Я бы выделил здесь несколько аспектов. Первый и главный: критерий эстетичности болезни, изменявшийся в разные времена, но всегда действовавший крайне строго, четко выделявший из длинного скорбного списка те несколько тяжких или даже смертельных хвороб, которые, в должном изображении, могли бы способствовать украшению текста. «Как это объяснить? Мне нравится она, как, вероятно, вам — чахоточная дева…» Чахоточная — нравится. Прекрасно. А дева-астматичка? Курящая ментоловые папиросы, аккуратно собирающая мокроту в специальную баночку? Впрочем, чахоточная ведь тоже — и потеет, и харкает. Здесь вступает в силу эстетическая цензура, выделяющая из общего облика болезни лишь то, что требуется в данный момент и не выходит за рамки литературных приличий.
Любопытно, что даже Лев Толстой при всем своем сверх антиэстетизме эти рамки везде аккуратно соблюл. И не только блистательный князь Андрей, но и образец заурядности Иван Ильич — как-то обходится у него без судна и утки Белинский у постели Некрасова — это бы ладно, Белинский навестил Некрасова, посидел на постели и ушел обдумывать очередную статью. Подмывать, выгребать, подставлять посудины, смазывать пролежни — остались сиделки, такие некрасивые специальные женщины, с которыми не говорят ни о любви, ни о книгах… А если возлюбленная у постели возлюбленного, и нет никого, кто мог бы ее сменить? Как там было на самом деле — в «Станционном смотрителе?» А еще того хуже — он у ее постели? И тоже — нет ни родных, ни обслуги… Или… Нет, не подумай, мать, что я к тому и клонил, но и обойти нельзя, тут была бы натяжка. Так вот: если — единственный сын у постели умирающей матери, и десять дней, девять ночей неотлучно… Потому что чужих я не звал, не мог допустить, чтобы ты умерла при чужих людях. А своих я тем более не мог допустить, потому что уж лучше умирать в безразличии, чем во вражде. Упаси Господь!

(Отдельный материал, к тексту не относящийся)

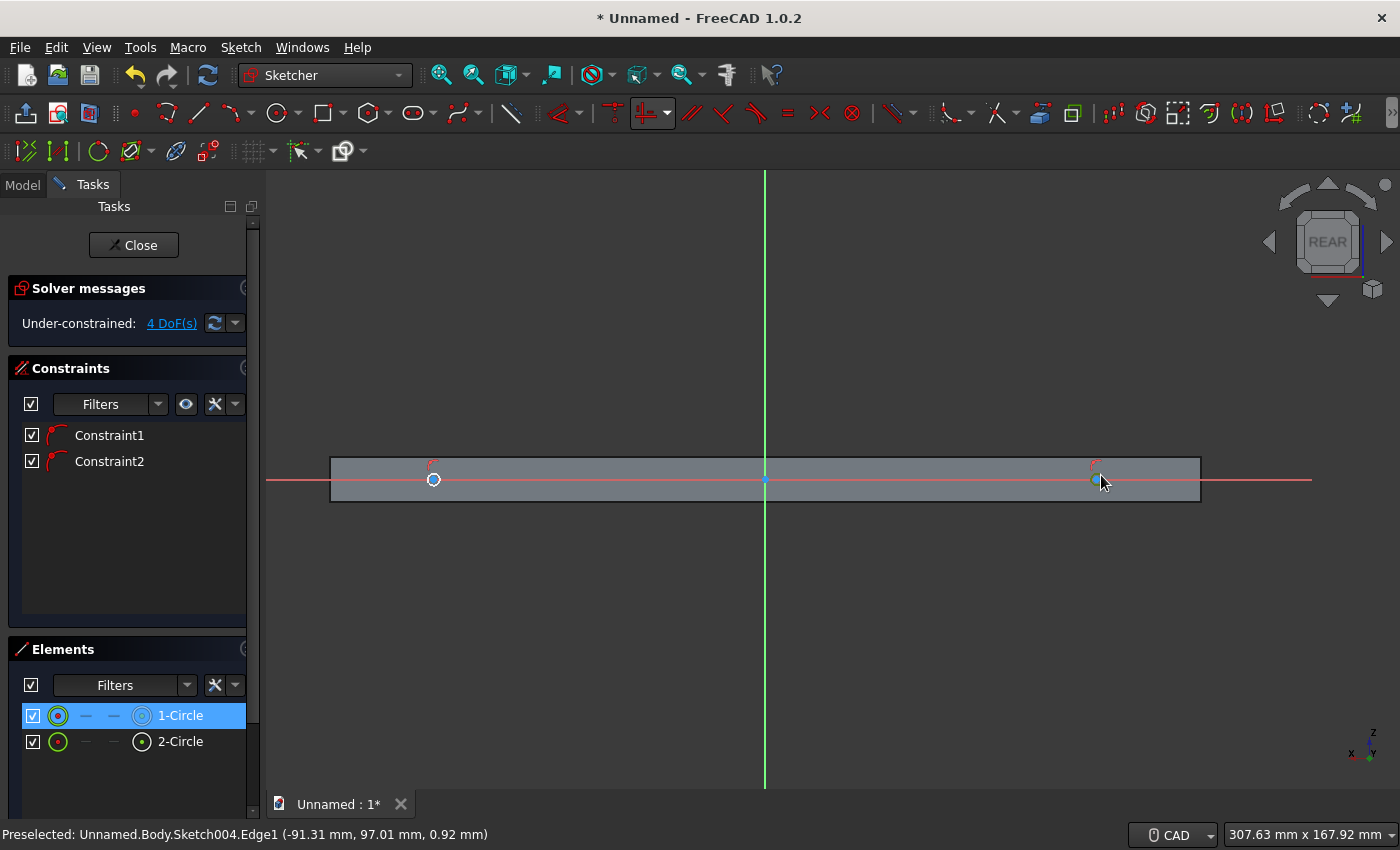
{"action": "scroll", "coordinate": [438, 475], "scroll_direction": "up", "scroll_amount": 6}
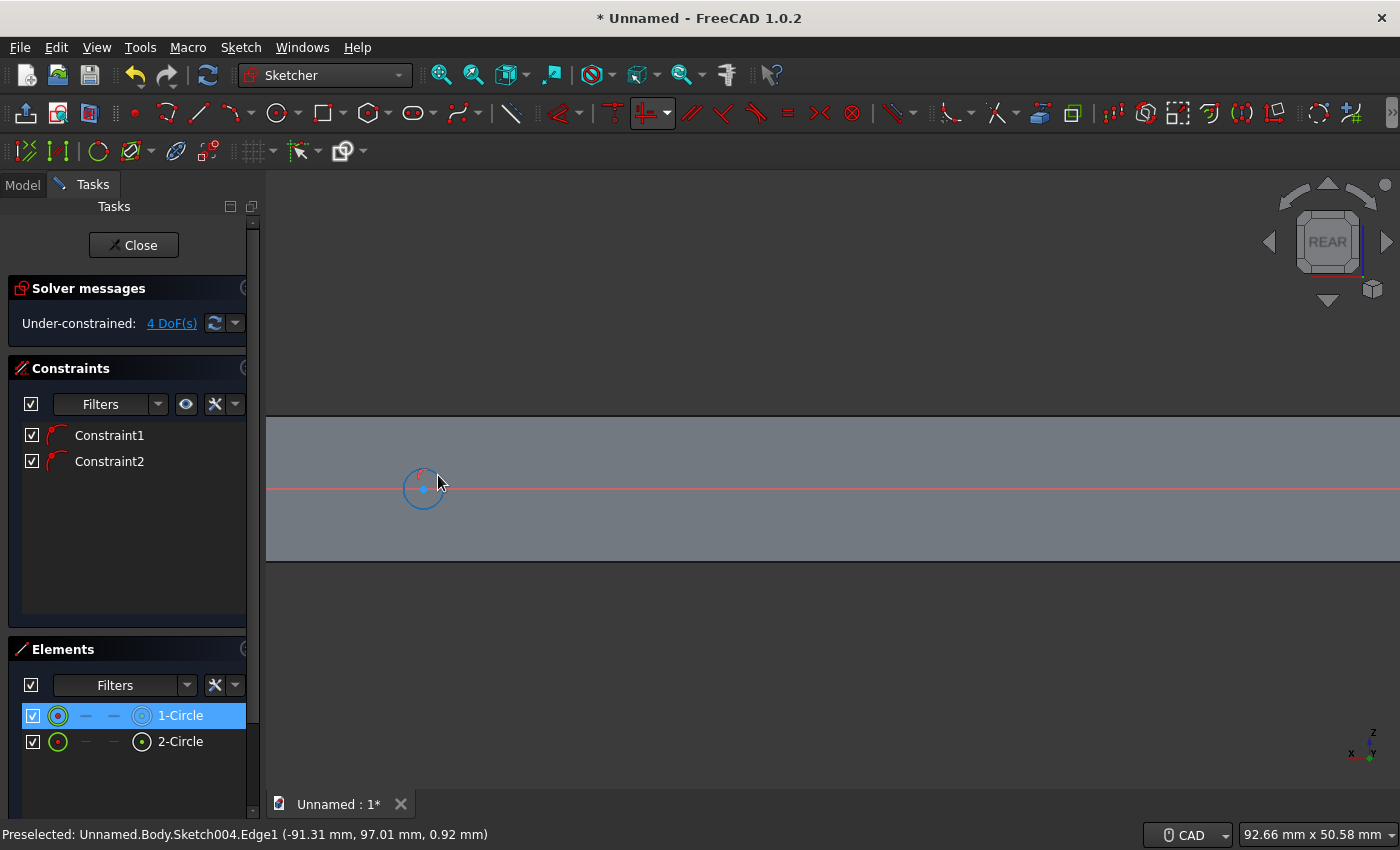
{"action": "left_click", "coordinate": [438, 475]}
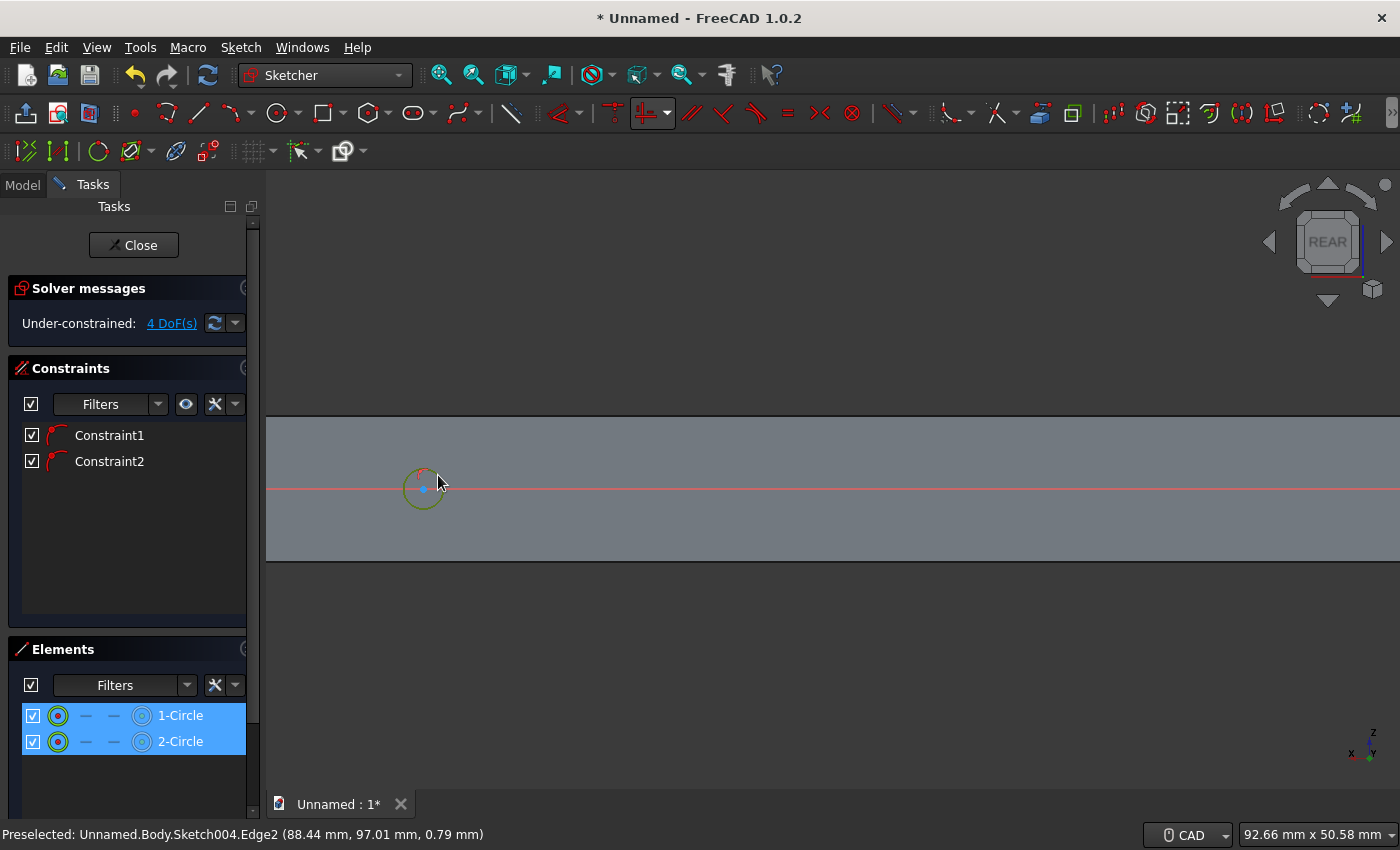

Любопытная, ты скажешь, у меня цепочка. Где там вышеозначенный Зигмунд Великий со своим вездесущим, враз навсегда все поступки людей объяснившим Эдипом? Ну отца, все-таки, согласись, убили помимо моего желания, я его не знал и смерти его не хотел. Но к другим мужикам твоим, и верно, тебя ревновал, а кое-кому порой желал, быть может, и смерти. Что-то было в наших с тобой отношениях, и с твоей стороны, пожалуй, тоже…
Так что не будем строить из себя овечек, женщина это все прекрасно чувствует, особенно, конечно, умная женщина, особенно, конечно, любящая женщина…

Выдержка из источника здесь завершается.